There are a few columns that would never be needed because they do not even vary. There are additional columns giving the option greeks, but I think I'll also omit those too later on. 

In [168]:
for col in ['secid','cp_flag','index_flag','issuer','exercise_style']:
    print(df[col].unique())
    del df[col]

[108105]
['P']
[1]
['CBOE S&P 500 INDEX']
['E']


### Add Column for `daysToExpiry`

`daysToExpiry` is probably clear.

In [169]:
df['daysToExpiry'] = ((df['exdate'] - df['date']).astype(int)/1e9/3600/24).astype(int)
df['daysToExpiry'].min()

0

### Add Column for `lifeTime`

There is a unique key in the dataset called `optionid`. It is unique in the sense that for every `(date, optionid)` there is exactly 1 row in our dataset. However, the properties of an option are determined by the strike price (`strike_price`) and expiry date (`exdate`) because otherwise, the timing and cash flows are exactly the same. Thus, we expected `optionid` to `1:1` with `(exdate, strike_price)`. However, the following shows that `(date, exdate, strike_price)` have multiple rows associated with them.
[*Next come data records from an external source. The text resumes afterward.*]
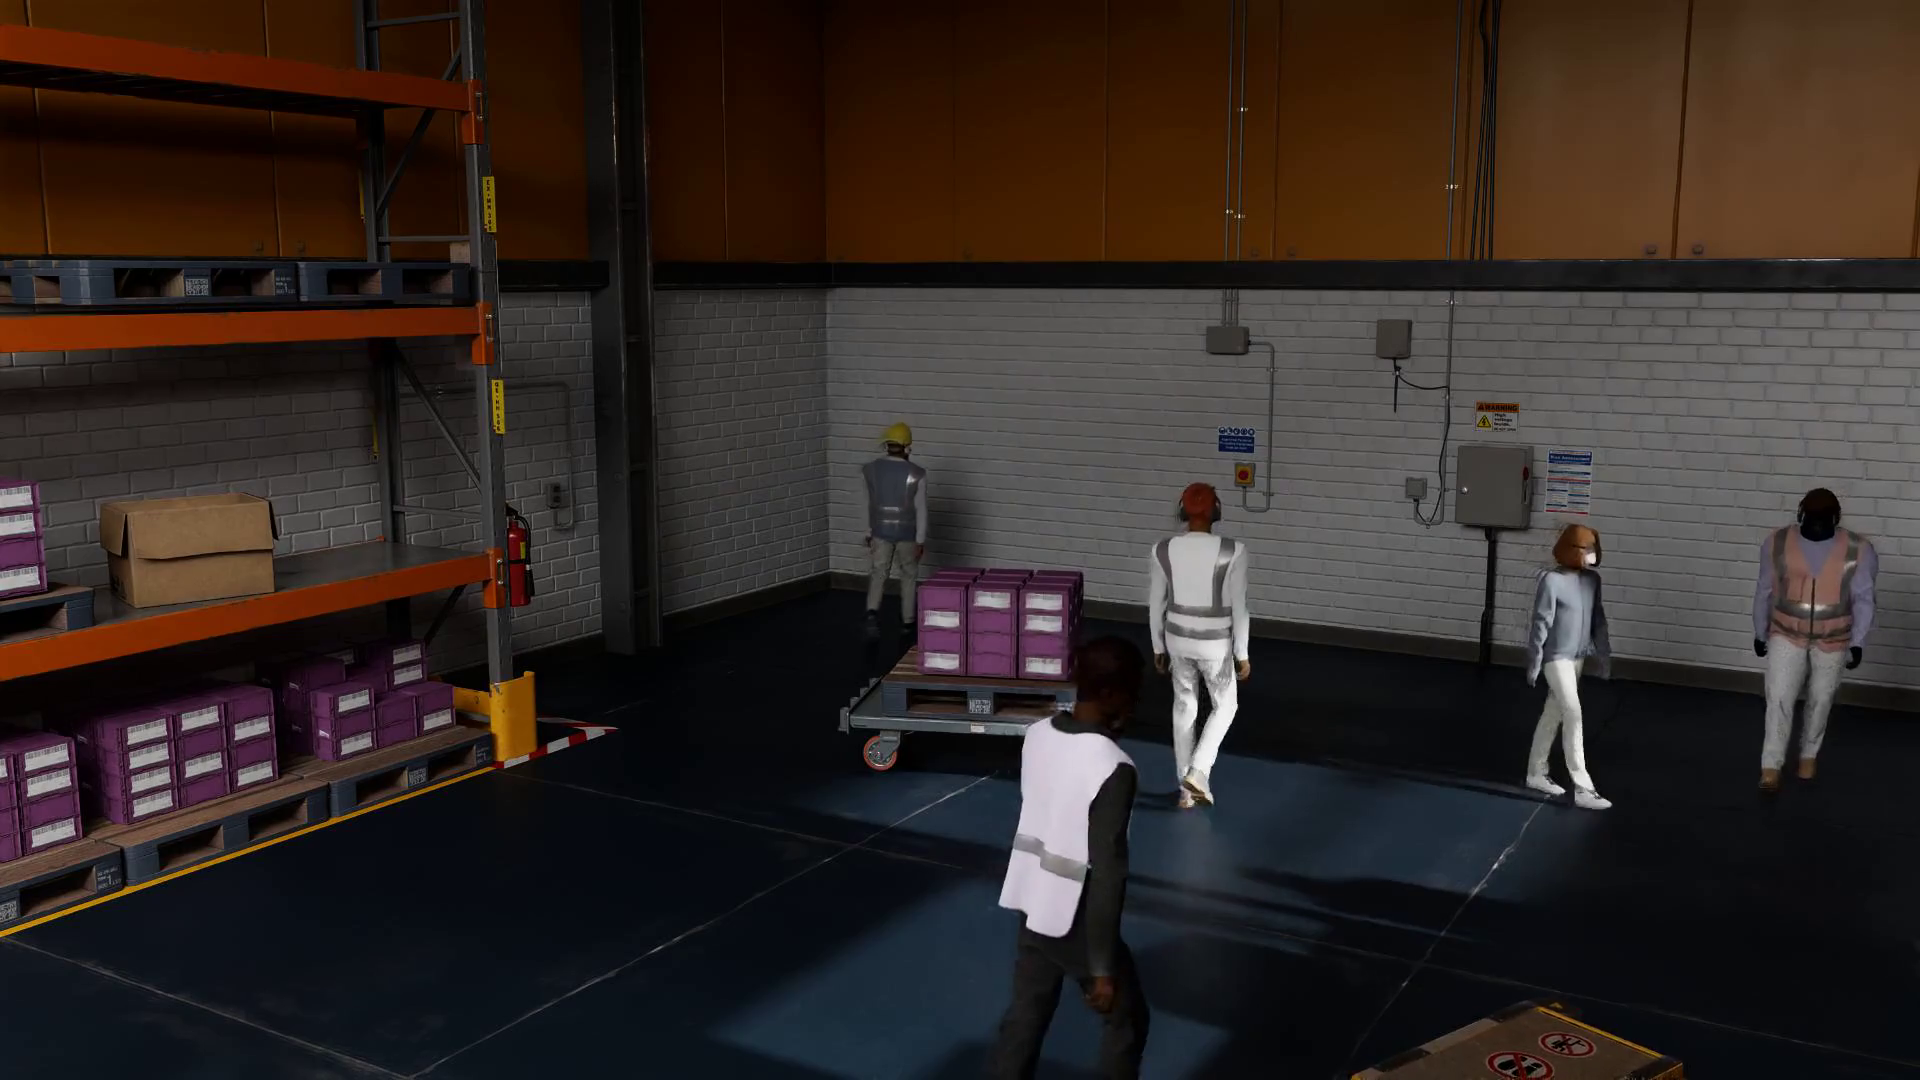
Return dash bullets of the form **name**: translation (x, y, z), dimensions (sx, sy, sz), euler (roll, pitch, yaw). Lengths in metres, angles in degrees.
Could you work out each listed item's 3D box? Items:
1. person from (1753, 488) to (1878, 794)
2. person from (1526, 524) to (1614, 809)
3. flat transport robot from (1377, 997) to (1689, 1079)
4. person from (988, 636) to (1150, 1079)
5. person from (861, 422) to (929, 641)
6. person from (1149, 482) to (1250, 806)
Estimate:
- **person**: translation (4.969, 0.589, 9.727), dimensions (0.634, 1.782, 0.951), euler (5, 10, 27)
- **person**: translation (3.548, 0.716, 9.469), dimensions (0.528, 1.600, 0.739), euler (-6, 11, -35)
- **flat transport robot**: translation (1.924, 1.967, 5.851), dimensions (1.431, 0.197, 0.652), euler (-7, 11, -36)
- **person**: translation (0.426, 1.228, 5.453), dimensions (0.842, 1.872, 0.733), euler (-5, 10, -27)
- **person**: translation (-0.549, -0.072, 13.786), dimensions (0.591, 1.811, 0.787), euler (2, 9, 11)
- **person**: translation (1.344, 0.605, 9.377), dimensions (0.596, 1.866, 0.452), euler (5, 10, 27)
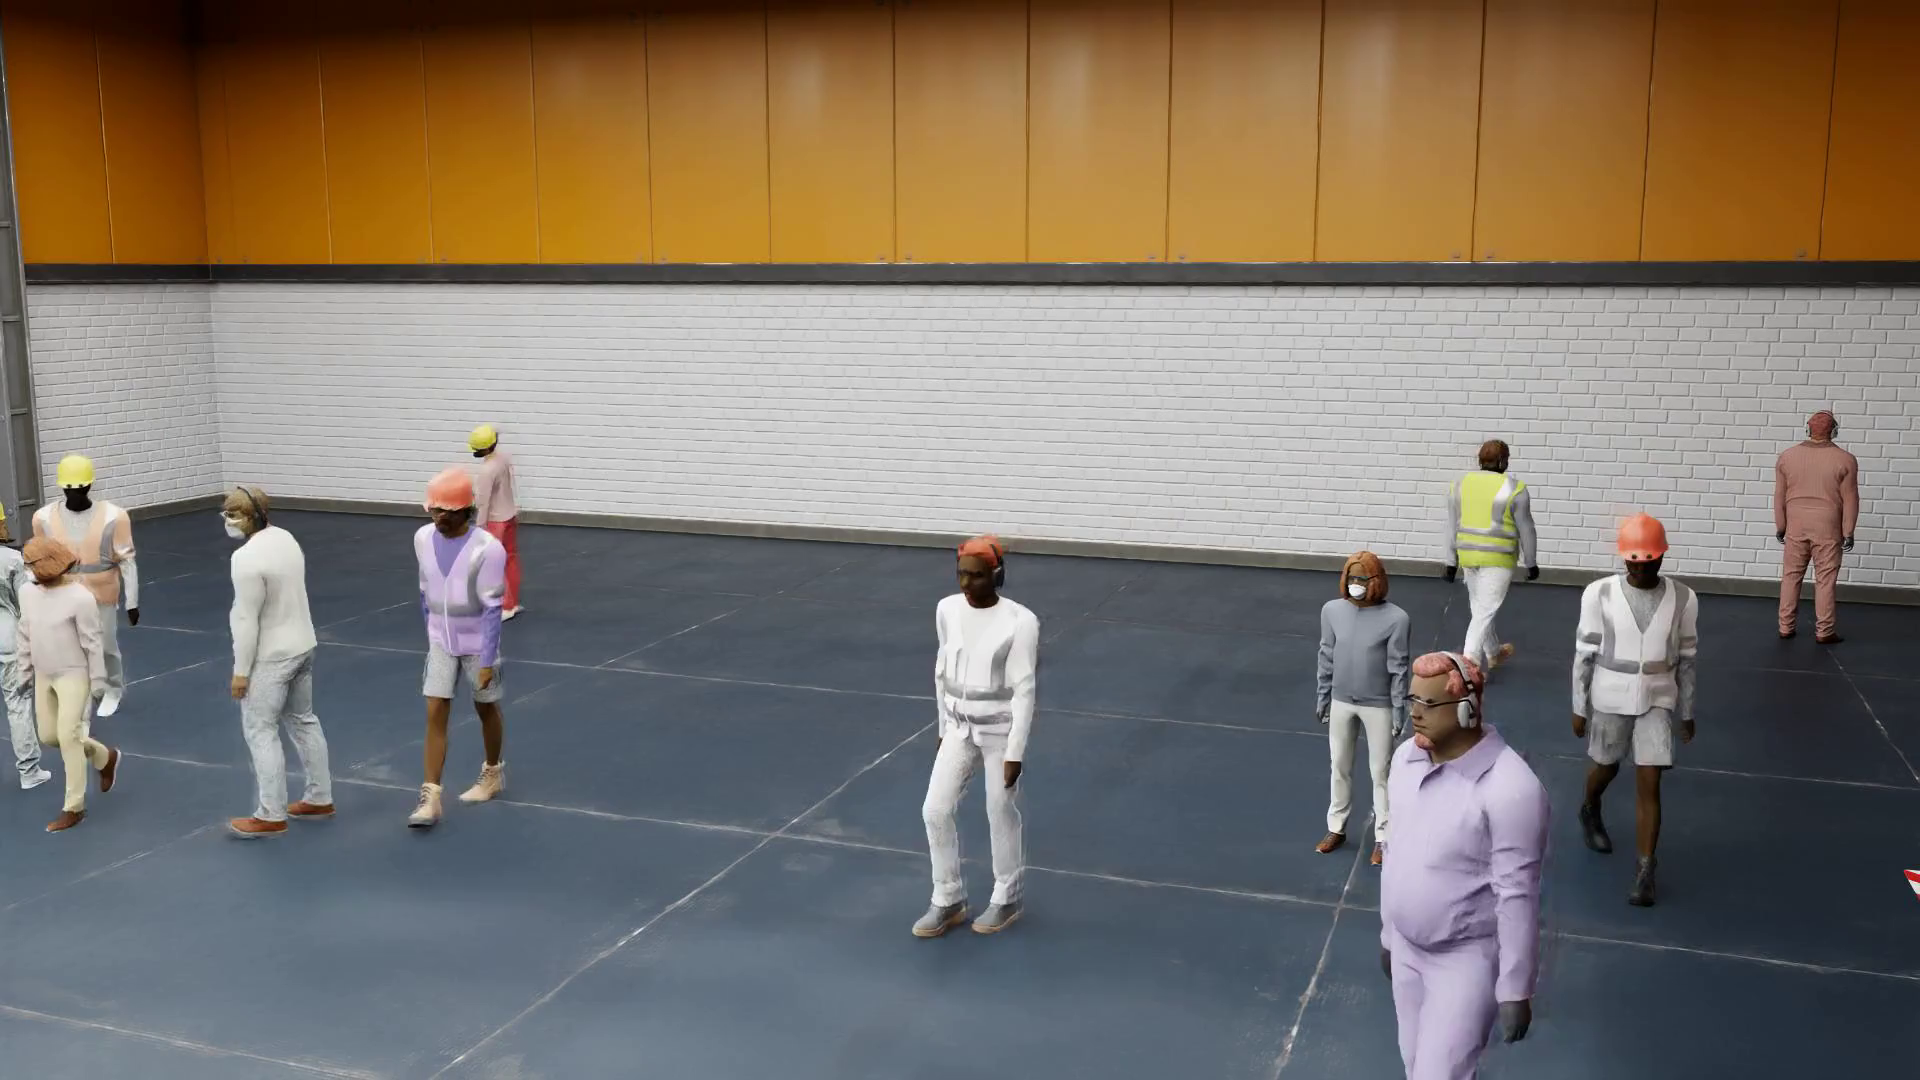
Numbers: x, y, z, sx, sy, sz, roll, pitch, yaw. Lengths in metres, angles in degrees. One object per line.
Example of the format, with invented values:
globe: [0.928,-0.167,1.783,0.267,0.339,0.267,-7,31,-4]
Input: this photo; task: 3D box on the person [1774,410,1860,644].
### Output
person: [7.017,-0.107,13.633,0.408,1.913,0.644,-9,13,-44]

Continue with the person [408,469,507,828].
person: [-2.766,0.584,9.151,0.612,1.972,0.961,2,9,15]

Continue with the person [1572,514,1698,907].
person: [3.343,0.773,8.280,0.587,1.892,0.939,2,9,14]

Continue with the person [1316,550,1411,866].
person: [2.067,0.854,8.568,0.496,1.626,0.286,7,12,37]

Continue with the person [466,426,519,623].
person: [-4.052,-0.158,14.570,0.325,1.720,0.644,1,9,6]

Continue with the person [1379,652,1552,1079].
person: [1.499,1.272,5.132,0.426,1.889,0.673,-4,10,-22]

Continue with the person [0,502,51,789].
person: [-5.655,0.604,9.743,0.492,1.742,0.318,-3,9,-15]

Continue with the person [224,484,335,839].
person: [-3.686,0.637,9.002,0.422,1.914,0.670,0,9,0]

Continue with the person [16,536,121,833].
person: [-4.931,0.753,9.227,0.504,1.606,0.625,3,10,16]

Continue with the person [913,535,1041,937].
person: [0.060,0.906,7.505,0.586,1.860,0.674,7,11,36]

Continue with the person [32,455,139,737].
person: [-5.766,0.344,11.017,0.599,1.863,0.981,-3,10,-19]

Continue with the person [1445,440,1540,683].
person: [4.001,0.154,12.387,0.946,1.794,0.630,-7,12,-38]

My guess is that there is some pair of weekly, monthly, and quarterly options in which both option styles have the same expiration date. To try to approximate that, we look at the option's `lifeTime` which is the maximum date until expiry. 

In [170]:
print(len(df))
print(len(df[['date','exdate','strike_price']].drop_duplicates()))

8462528
7841799


In [171]:
df_lt = df.groupby('optionid')['daysToExpiry'].max().reset_index().rename(
    {'daysToExpiry':'lifeTime'},axis=1)
df = df.merge(df_lt, how = 'left', on = 'optionid', validate = 'm:1')

In [172]:
print(len(df))
print(len(df[['date','exdate','strike_price','lifeTime']].drop_duplicates()))

8462528
8018016


In [207]:
obj = df.groupby('optionid')['daysToExpiry'].min()
mx = obj.max()
mx

903

In [210]:
obj[obj == mx].head()

optionid
127294298    903
127294299    903
127294300    903
127294301    903
127294302    903
Name: daysToExpiry, dtype: int64

In [211]:
df[df['optionid'] == obj[obj == mx].index[0]].head()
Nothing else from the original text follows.